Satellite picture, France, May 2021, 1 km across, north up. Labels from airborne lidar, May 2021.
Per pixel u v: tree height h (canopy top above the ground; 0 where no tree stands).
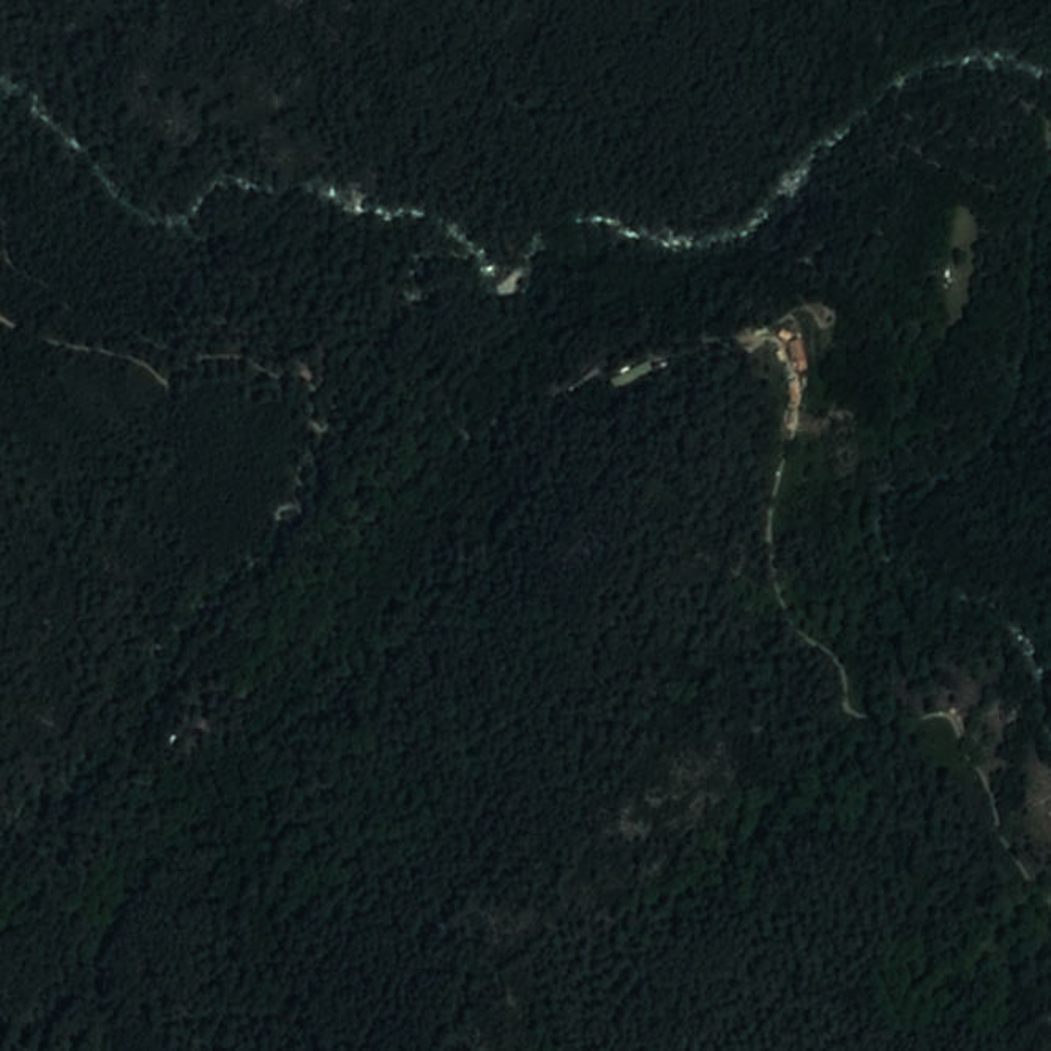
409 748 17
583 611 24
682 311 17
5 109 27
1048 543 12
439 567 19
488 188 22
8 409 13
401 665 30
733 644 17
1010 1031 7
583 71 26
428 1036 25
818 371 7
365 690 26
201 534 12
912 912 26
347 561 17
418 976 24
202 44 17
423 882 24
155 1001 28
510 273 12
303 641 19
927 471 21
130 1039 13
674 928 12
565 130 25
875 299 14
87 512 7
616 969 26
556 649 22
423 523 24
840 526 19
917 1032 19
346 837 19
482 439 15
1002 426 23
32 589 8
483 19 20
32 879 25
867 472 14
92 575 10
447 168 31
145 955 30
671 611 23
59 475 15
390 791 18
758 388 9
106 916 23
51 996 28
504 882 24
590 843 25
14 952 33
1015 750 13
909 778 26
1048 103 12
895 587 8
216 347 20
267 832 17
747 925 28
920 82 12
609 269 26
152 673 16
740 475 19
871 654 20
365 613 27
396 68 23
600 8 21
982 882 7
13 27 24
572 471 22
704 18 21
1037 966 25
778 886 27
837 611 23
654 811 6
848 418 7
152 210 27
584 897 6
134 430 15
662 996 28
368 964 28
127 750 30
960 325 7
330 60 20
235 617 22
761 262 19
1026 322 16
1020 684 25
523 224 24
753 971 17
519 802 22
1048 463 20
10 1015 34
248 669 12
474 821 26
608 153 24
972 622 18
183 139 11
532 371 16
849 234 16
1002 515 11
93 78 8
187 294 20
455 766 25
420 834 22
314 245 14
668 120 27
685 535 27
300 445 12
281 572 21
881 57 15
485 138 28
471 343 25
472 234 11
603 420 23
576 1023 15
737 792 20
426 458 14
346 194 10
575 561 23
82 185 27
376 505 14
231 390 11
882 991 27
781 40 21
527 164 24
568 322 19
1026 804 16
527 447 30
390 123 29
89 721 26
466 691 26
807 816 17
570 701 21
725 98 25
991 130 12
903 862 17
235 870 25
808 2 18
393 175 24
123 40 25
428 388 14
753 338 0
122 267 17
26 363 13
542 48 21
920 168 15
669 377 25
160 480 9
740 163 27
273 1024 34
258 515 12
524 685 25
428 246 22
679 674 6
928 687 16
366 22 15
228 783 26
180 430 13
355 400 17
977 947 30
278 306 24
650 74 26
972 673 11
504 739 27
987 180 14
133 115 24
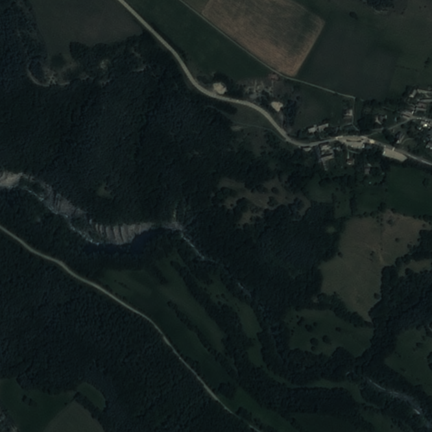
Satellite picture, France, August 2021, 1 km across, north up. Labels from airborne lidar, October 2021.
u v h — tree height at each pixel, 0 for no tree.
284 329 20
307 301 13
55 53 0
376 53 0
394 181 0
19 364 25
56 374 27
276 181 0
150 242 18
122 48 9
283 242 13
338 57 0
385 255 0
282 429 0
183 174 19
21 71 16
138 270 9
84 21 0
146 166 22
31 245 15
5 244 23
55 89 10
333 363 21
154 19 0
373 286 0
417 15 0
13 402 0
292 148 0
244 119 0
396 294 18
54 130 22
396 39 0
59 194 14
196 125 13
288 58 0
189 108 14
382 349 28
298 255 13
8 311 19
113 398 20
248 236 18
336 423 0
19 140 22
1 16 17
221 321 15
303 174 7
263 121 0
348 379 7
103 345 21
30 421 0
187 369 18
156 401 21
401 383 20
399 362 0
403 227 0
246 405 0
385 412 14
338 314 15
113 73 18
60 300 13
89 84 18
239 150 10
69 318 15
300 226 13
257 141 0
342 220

..............................

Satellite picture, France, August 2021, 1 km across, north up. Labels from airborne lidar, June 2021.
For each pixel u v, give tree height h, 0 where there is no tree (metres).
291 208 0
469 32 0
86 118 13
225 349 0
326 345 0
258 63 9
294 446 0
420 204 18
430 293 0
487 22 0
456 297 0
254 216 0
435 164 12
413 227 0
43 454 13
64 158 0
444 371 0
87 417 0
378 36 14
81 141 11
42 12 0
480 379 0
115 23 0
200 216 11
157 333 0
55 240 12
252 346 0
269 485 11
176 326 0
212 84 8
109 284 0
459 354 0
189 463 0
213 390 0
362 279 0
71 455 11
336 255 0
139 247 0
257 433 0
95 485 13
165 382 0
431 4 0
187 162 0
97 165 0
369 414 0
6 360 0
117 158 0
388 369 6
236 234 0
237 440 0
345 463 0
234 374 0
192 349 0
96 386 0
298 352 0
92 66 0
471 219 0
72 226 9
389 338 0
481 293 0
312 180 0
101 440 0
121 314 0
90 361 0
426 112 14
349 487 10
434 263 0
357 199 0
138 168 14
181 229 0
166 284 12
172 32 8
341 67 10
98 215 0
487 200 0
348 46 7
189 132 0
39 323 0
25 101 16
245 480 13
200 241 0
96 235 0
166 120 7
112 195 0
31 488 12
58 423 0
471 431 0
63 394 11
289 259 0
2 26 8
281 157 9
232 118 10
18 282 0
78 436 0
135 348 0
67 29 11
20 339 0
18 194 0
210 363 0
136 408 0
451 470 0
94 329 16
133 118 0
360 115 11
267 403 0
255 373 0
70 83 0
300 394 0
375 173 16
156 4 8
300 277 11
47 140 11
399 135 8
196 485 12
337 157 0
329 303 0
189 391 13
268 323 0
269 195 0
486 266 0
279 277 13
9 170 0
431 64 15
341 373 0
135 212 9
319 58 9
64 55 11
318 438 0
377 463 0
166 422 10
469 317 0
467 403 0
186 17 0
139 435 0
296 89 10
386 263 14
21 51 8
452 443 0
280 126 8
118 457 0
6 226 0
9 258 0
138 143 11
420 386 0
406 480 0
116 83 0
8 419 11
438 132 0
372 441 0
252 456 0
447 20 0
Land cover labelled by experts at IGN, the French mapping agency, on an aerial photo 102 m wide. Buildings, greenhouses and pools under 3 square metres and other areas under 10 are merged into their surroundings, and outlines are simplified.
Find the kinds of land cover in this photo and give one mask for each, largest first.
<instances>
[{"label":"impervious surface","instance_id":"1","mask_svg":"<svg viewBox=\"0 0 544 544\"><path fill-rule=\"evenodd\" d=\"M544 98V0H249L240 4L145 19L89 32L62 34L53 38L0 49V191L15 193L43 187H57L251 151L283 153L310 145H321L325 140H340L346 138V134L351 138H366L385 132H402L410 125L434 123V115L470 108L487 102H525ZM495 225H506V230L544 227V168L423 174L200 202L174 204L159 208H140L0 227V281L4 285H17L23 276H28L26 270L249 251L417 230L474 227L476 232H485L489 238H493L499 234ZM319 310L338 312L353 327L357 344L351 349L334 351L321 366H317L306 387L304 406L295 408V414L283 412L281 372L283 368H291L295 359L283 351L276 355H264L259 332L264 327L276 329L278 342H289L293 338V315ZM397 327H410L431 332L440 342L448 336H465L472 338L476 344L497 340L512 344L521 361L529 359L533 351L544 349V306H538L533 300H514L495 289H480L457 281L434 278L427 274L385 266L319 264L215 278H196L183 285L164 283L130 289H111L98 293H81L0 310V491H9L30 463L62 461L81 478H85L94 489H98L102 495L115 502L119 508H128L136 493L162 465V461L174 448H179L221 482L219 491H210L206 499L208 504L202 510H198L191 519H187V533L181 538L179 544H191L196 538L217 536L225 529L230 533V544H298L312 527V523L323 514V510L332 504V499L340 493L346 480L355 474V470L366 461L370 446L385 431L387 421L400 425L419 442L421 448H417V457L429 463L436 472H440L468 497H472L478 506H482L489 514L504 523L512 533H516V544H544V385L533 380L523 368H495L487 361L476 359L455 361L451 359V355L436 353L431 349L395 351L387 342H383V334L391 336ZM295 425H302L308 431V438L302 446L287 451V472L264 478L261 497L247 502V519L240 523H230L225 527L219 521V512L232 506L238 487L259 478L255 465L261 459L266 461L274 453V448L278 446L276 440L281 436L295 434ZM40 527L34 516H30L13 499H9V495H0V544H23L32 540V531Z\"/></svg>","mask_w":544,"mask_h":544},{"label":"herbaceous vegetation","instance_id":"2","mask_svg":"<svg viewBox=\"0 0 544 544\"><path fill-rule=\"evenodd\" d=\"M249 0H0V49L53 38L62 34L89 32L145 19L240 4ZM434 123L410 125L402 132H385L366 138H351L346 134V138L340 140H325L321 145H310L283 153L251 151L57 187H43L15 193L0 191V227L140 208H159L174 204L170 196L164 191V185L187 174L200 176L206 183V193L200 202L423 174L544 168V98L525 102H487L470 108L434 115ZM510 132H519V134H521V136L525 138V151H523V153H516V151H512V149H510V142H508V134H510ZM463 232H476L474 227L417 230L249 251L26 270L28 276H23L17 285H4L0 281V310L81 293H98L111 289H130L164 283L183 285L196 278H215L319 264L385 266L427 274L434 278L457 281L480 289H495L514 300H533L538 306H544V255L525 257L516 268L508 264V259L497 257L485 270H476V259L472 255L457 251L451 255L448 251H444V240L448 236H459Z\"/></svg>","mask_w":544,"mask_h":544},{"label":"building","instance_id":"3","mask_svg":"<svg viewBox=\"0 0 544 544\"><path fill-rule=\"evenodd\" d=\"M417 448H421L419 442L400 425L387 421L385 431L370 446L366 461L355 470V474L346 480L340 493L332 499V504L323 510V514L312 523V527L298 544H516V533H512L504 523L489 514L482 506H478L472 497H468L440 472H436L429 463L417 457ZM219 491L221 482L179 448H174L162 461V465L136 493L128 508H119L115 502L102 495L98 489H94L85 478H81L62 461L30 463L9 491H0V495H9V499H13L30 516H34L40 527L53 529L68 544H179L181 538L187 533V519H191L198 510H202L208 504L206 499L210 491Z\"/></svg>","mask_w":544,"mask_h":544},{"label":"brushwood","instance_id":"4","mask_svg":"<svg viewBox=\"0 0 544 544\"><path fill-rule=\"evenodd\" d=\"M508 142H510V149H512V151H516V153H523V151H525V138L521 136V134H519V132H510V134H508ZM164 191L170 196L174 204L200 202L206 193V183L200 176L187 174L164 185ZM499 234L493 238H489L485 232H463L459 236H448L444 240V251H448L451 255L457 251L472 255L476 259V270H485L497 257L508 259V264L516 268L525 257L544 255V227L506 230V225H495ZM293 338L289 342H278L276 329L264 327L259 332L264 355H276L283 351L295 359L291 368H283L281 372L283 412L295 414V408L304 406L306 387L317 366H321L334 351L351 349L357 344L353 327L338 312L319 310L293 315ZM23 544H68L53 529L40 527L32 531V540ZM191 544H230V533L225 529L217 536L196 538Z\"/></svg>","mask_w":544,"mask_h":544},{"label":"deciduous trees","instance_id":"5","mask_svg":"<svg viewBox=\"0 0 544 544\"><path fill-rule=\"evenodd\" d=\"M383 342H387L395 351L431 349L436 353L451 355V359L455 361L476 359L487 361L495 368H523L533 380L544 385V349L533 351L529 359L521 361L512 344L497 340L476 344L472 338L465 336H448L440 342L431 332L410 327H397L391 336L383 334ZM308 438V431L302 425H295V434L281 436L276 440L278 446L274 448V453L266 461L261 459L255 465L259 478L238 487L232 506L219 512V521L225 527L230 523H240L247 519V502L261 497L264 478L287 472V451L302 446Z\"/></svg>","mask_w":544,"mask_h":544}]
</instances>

..............................

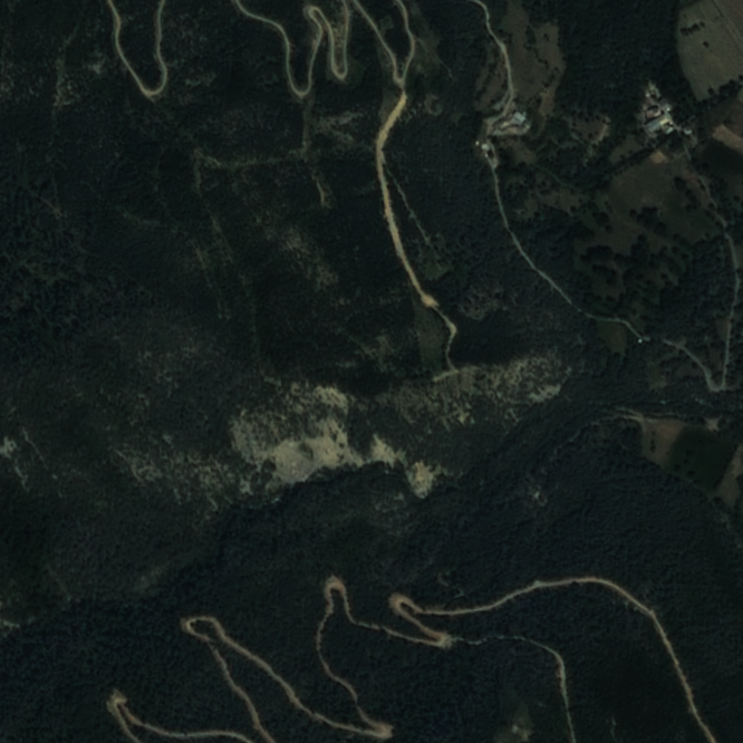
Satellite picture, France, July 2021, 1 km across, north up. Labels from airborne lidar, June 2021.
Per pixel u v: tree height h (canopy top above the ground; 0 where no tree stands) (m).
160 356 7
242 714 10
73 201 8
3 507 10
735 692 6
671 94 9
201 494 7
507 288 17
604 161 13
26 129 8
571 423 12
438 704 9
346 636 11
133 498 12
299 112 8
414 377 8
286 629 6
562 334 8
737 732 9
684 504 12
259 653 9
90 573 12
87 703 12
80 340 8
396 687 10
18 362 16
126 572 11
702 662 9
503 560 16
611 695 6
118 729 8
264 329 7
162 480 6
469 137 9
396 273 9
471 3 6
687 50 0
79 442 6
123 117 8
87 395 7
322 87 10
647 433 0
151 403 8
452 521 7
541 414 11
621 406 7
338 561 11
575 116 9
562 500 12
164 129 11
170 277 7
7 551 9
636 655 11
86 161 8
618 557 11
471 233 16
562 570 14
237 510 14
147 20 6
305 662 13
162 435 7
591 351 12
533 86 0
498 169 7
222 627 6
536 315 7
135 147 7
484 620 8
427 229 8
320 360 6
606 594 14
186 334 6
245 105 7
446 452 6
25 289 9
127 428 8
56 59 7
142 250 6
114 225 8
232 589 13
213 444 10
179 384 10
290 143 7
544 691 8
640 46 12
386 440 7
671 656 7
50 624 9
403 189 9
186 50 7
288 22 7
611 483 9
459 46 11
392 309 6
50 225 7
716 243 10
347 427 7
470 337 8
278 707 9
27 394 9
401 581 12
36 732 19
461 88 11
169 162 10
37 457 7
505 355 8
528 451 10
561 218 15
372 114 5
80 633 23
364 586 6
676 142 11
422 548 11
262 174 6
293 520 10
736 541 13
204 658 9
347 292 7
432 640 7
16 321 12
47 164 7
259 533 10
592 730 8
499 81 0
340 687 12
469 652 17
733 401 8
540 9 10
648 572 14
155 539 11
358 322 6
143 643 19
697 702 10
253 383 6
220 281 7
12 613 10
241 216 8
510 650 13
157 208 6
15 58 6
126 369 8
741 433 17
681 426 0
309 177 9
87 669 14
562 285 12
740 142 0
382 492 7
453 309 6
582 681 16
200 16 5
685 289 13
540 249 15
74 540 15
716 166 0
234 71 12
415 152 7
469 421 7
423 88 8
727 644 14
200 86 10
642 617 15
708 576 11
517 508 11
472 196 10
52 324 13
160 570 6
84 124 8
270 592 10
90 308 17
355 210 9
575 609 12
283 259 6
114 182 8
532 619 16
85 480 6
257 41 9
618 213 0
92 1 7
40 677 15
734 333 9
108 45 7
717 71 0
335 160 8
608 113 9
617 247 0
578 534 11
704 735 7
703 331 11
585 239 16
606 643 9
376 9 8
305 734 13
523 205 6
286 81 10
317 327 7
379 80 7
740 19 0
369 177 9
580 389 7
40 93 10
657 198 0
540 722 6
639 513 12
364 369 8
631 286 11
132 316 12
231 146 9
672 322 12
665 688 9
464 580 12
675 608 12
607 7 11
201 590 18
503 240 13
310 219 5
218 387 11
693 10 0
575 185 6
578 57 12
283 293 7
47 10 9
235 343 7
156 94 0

..............................

*What the task requires:*
Only lines with the string "Labels" are wanted; please find each one in the listing and copy it.

*Response to the exercise:*
Satellite picture, France, May 2021, 1 km across, north up. Labels from airborne lidar, May 2021.
Satellite picture, France, August 2021, 1 km across, north up. Labels from airborne lidar, October 2021.
Satellite picture, France, August 2021, 1 km across, north up. Labels from airborne lidar, June 2021.
Satellite picture, France, July 2021, 1 km across, north up. Labels from airborne lidar, June 2021.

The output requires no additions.